Рыжеволосый оттирал бледного от стола. Лысый пытался выспросить у Ленни, где она предполагает в киноавтомобилях устроить душевую кабину. Анатольев молчал, глядя на свою былую подопечную с интересом.
— А знаешь, милая худышка, не такая уж это плохая идея. Совсем не плохая. Это даже не идея, а проект! При должном финансировании со стороны нашей ретивой Думы можно запустить и кинопоезд — с целыми вагонами-залами, проявочными комнатами, но это позже. А вот автокинопробег, скажем, колонна из трех машин… Да-с! Такая маленькая у тебя головка, Элеонора, а сколько мыслей в ней полезных — и мобильных!
Ленни зарделась. Сложила руки крест-накрест и с победным выражением лица оглядела стол.
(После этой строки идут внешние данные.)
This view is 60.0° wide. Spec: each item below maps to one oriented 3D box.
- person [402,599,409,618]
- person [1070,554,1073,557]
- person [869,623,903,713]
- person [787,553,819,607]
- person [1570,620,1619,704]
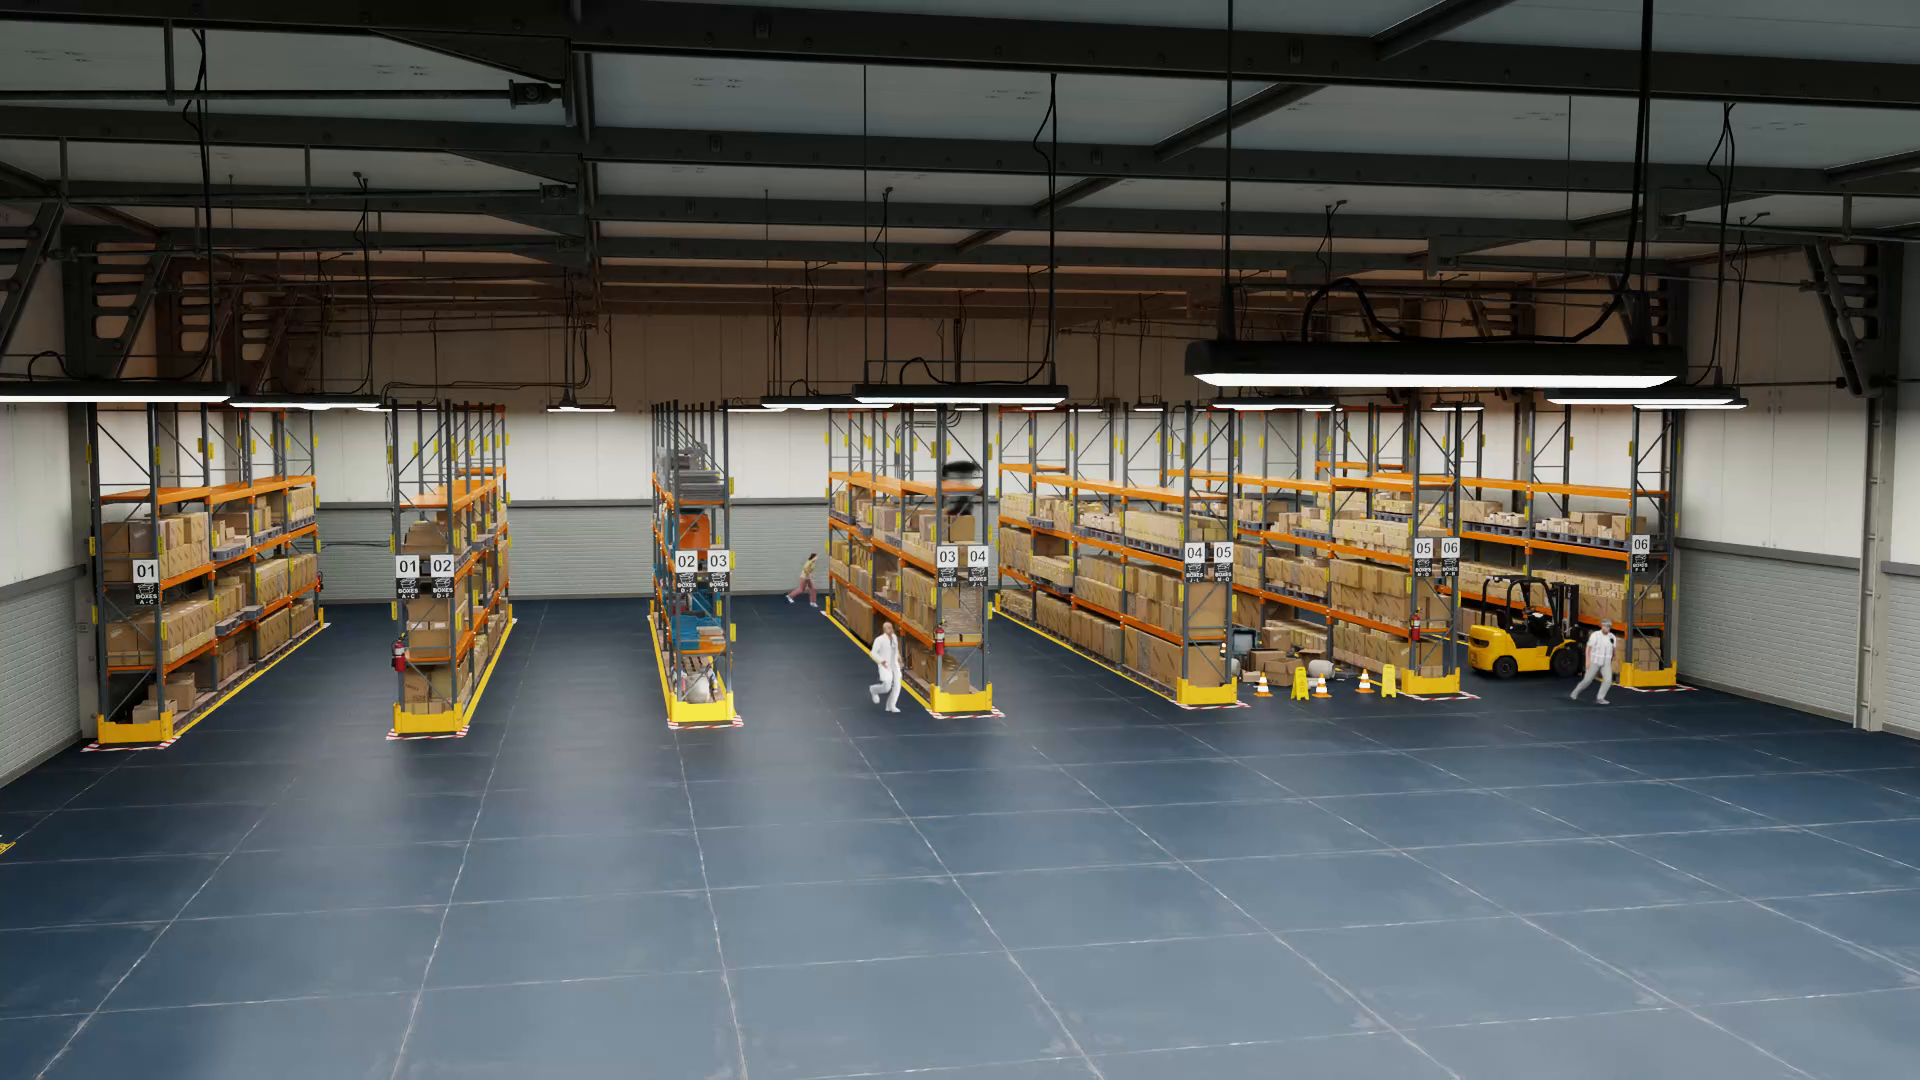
[{"bbox_3d":[-13.761,1.743,42.020,0.717,1.621,0.913,-2,5,-30],"label":"person"},{"bbox_3d":[3.368,0.988,52.167,0.705,1.631,0.780,3,5,34],"label":"person"},{"bbox_3d":[-1.431,2.447,32.138,0.722,1.733,0.797,-4,6,-40],"label":"person"},{"bbox_3d":[-4.693,1.197,49.713,0.995,1.626,0.607,0,4,1],"label":"person"},{"bbox_3d":[12.608,2.384,32.992,0.790,1.693,0.682,0,4,-7],"label":"person"}]
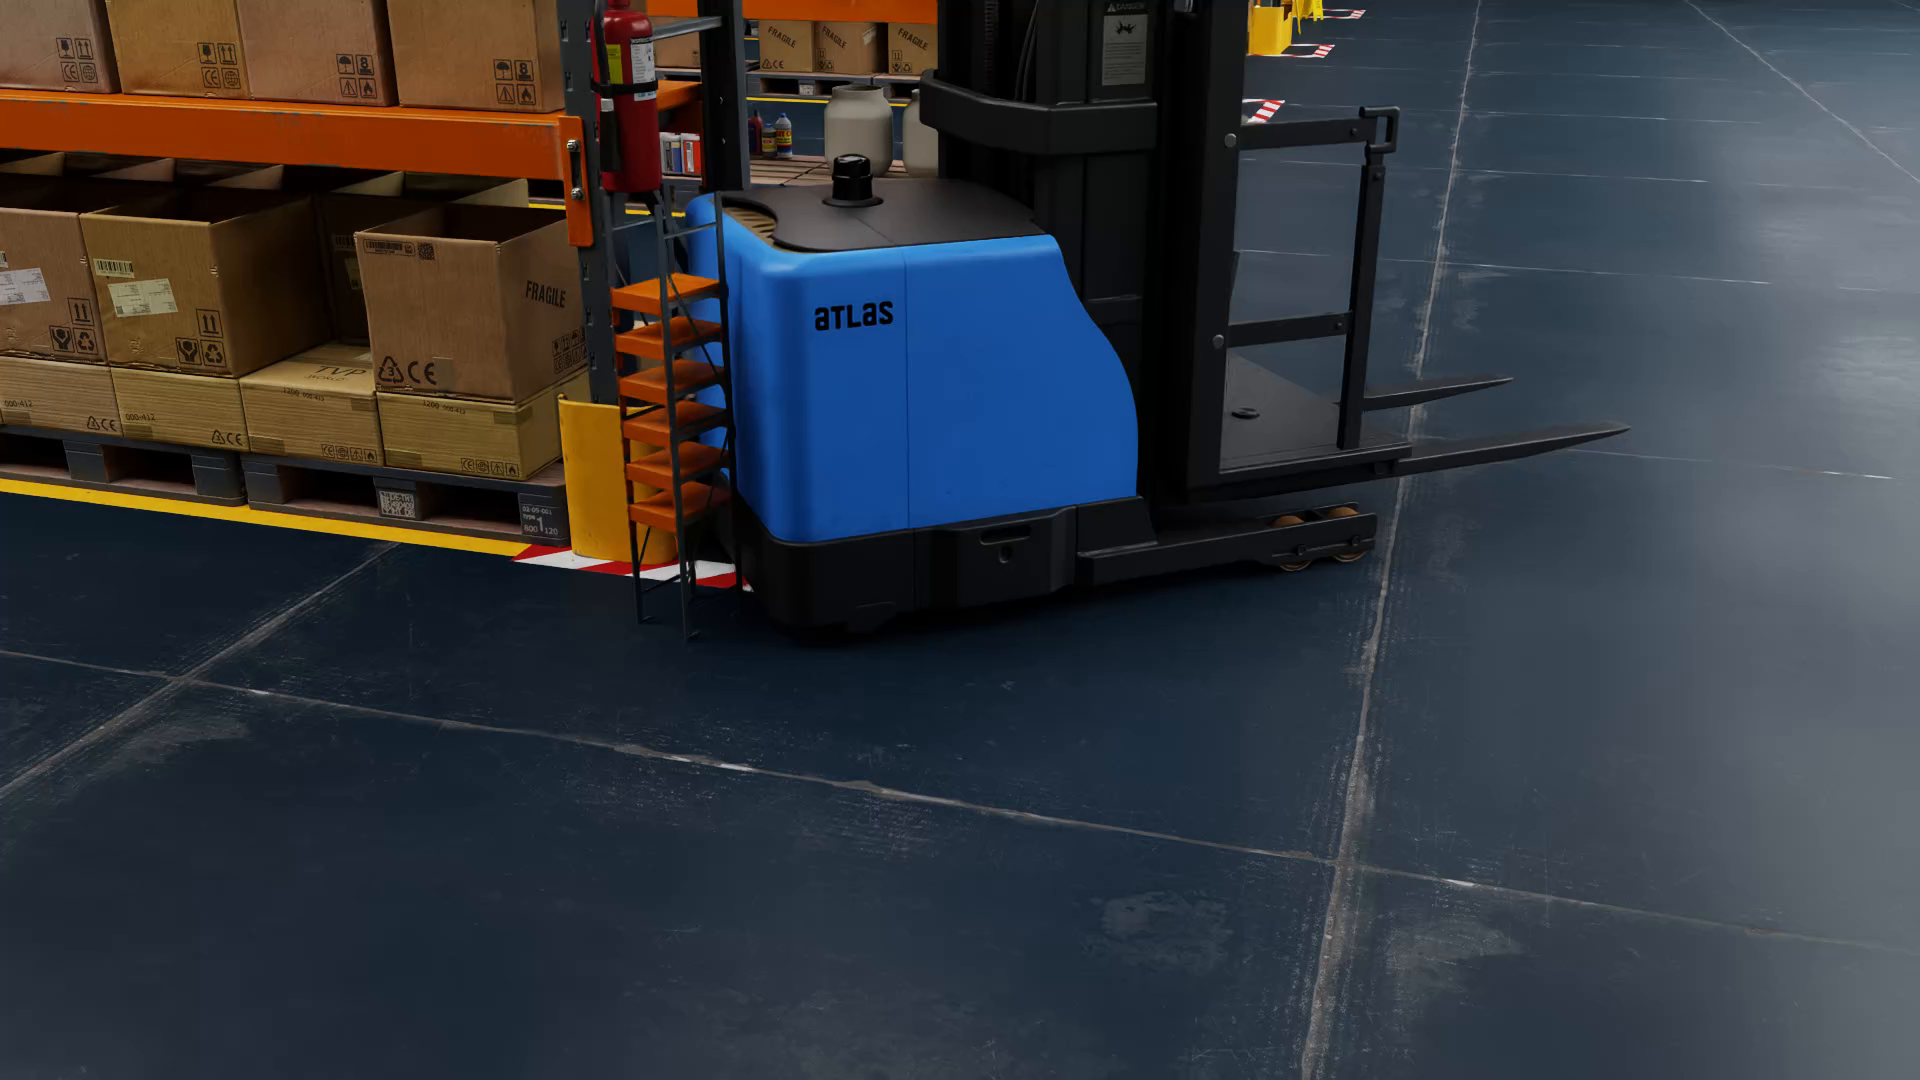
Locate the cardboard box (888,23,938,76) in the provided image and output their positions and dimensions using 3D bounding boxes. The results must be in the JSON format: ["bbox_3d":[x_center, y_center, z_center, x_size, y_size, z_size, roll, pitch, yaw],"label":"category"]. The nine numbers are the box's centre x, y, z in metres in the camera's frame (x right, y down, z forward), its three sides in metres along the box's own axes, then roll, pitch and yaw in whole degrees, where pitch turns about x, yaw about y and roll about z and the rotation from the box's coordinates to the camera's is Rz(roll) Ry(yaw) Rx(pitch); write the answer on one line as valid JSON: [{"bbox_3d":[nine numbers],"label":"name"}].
[{"bbox_3d":[-0.342,-4.455,14.919,0.500,0.500,0.500,4,23,11],"label":"cardboard box"}]

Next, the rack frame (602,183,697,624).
[{"bbox_3d":[-0.842,-0.356,4.555,0.006,1.200,0.240,15,27,32],"label":"rack frame"}]

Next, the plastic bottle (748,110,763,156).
[{"bbox_3d":[-1.340,-2.628,10.723,0.133,0.283,0.061,7,23,16],"label":"plastic bottle"}]

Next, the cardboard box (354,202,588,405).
[{"bbox_3d":[-1.516,-0.758,5.247,0.500,0.500,0.500,7,23,16],"label":"cardboard box"}]

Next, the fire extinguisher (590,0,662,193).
[{"bbox_3d":[-0.938,-1.321,4.639,0.183,0.674,0.296,7,23,16],"label":"fire extinguisher"}]

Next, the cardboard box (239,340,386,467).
[{"bbox_3d":[-1.998,-0.462,5.514,0.500,0.250,0.500,7,23,16],"label":"cardboard box"}]

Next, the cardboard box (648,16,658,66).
[{"bbox_3d":[-2.914,-4.757,15.628,0.500,0.500,0.700,6,23,15],"label":"cardboard box"}]

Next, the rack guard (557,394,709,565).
[{"bbox_3d":[-0.894,-0.379,5.535,0.348,0.500,1.175,7,23,16],"label":"rack guard"}]

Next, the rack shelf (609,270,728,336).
[{"bbox_3d":[-0.767,-0.628,4.387,0.180,0.103,0.258,15,27,32],"label":"rack shelf"}]

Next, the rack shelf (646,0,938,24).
[{"bbox_3d":[-1.397,-3.224,10.125,4.000,0.370,1.077,7,23,16],"label":"rack shelf"}]

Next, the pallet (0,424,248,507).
[{"bbox_3d":[-2.825,-0.451,6.091,1.213,0.211,1.003,7,23,15],"label":"pallet"}]

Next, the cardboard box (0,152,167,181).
[{"bbox_3d":[-3.284,-1.162,6.231,0.500,0.500,0.500,7,23,16],"label":"cardboard box"}]

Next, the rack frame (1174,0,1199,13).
[{"bbox_3d":[1.948,-5.137,13.841,0.127,3.000,1.000,7,23,16],"label":"rack frame"}]

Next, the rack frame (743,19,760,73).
[{"bbox_3d":[-1.881,-5.575,14.910,0.127,3.000,1.000,7,23,16],"label":"rack frame"}]

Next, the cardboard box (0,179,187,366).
[{"bbox_3d":[-2.956,-0.917,5.636,0.500,0.500,0.500,7,23,16],"label":"cardboard box"}]

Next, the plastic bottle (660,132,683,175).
[{"bbox_3d":[-1.734,-2.376,10.118,0.135,0.276,0.152,6,23,14],"label":"plastic bottle"}]

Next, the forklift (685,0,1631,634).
[{"bbox_3d":[0.737,-1.437,4.911,3.031,2.935,1.130,-9,24,-20],"label":"forklift"}]

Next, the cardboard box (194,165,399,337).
[{"bbox_3d":[-2.328,-1.051,5.962,0.500,0.500,0.500,7,23,16],"label":"cardboard box"}]

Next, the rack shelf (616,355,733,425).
[{"bbox_3d":[-0.767,-0.406,4.479,0.180,0.103,0.258,15,27,32],"label":"rack shelf"}]

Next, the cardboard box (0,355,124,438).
[{"bbox_3d":[-2.955,-0.572,5.781,0.500,0.250,0.500,7,23,16],"label":"cardboard box"}]

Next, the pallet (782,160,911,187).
[{"bbox_3d":[-0.345,-2.130,10.183,1.213,0.211,1.003,7,23,16],"label":"pallet"}]

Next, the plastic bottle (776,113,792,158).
[{"bbox_3d":[-1.128,-2.591,10.649,0.097,0.271,0.097,0,22,0],"label":"plastic bottle"}]

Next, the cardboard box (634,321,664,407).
[{"bbox_3d":[-1.366,-0.600,5.850,0.500,0.250,0.500,7,23,16],"label":"cardboard box"}]

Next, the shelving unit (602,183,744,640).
[{"bbox_3d":[-0.767,-0.336,4.507,0.189,1.200,0.258,15,27,32],"label":"shelving unit"}]

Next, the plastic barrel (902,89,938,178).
[{"bbox_3d":[-0.135,-2.425,9.954,0.421,0.512,0.421,0,22,0],"label":"plastic barrel"}]

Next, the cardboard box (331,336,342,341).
[{"bbox_3d":[-2.324,-0.708,6.114,0.500,0.250,0.500,7,23,16],"label":"cardboard box"}]

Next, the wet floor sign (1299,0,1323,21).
[{"bbox_3d":[4.684,-7.239,22.067,0.232,0.644,0.267,16,27,34],"label":"wet floor sign"}]

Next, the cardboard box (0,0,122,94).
[{"bbox_3d":[-2.843,-1.809,5.596,0.500,0.500,0.700,7,23,17],"label":"cardboard box"}]

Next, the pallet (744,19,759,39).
[{"bbox_3d":[-2.284,-6.267,20.269,1.213,0.211,1.003,7,23,16],"label":"pallet"}]

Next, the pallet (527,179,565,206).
[{"bbox_3d":[-2.681,-2.397,10.835,1.213,0.211,1.003,7,23,16],"label":"pallet"}]

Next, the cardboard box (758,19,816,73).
[{"bbox_3d":[-1.510,-4.555,15.162,0.500,0.500,0.500,6,23,14],"label":"cardboard box"}]

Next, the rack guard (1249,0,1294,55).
[{"bbox_3d":[3.501,-5.769,18.675,0.348,0.500,1.175,7,23,16],"label":"rack guard"}]

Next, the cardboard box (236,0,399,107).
[{"bbox_3d":[-1.864,-1.696,5.320,0.500,0.500,0.700,7,23,17],"label":"cardboard box"}]

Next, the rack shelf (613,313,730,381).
[{"bbox_3d":[-0.767,-0.517,4.433,0.180,0.103,0.258,15,27,32],"label":"rack shelf"}]

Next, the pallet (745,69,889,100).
[{"bbox_3d":[-1.228,-4.225,15.291,1.213,0.211,1.003,7,23,16],"label":"pallet"}]

Еще через полчаса они с Анатольевым уже сидели в другом кафе — «Питтореске» на Кузнецком мосту — под знаменитым стеклянным потолком, расписанным алыми петухами Якулова. Напротив, на не менее знаменитом сафьяновом табурете в форме неведомого животного, сидел Николай Дмитриевич Филиппов, владелец «Питторески». Худой серьезный господин с аккуратно подстриженной бородкой, скорее похожий на чужестранного профессора, чем на известного всей Москве «булочника»: он заказывал интерьеры для своих кафе, контор и магазинов художникам самых разных направлений — и был щедр на материалы и гонорары.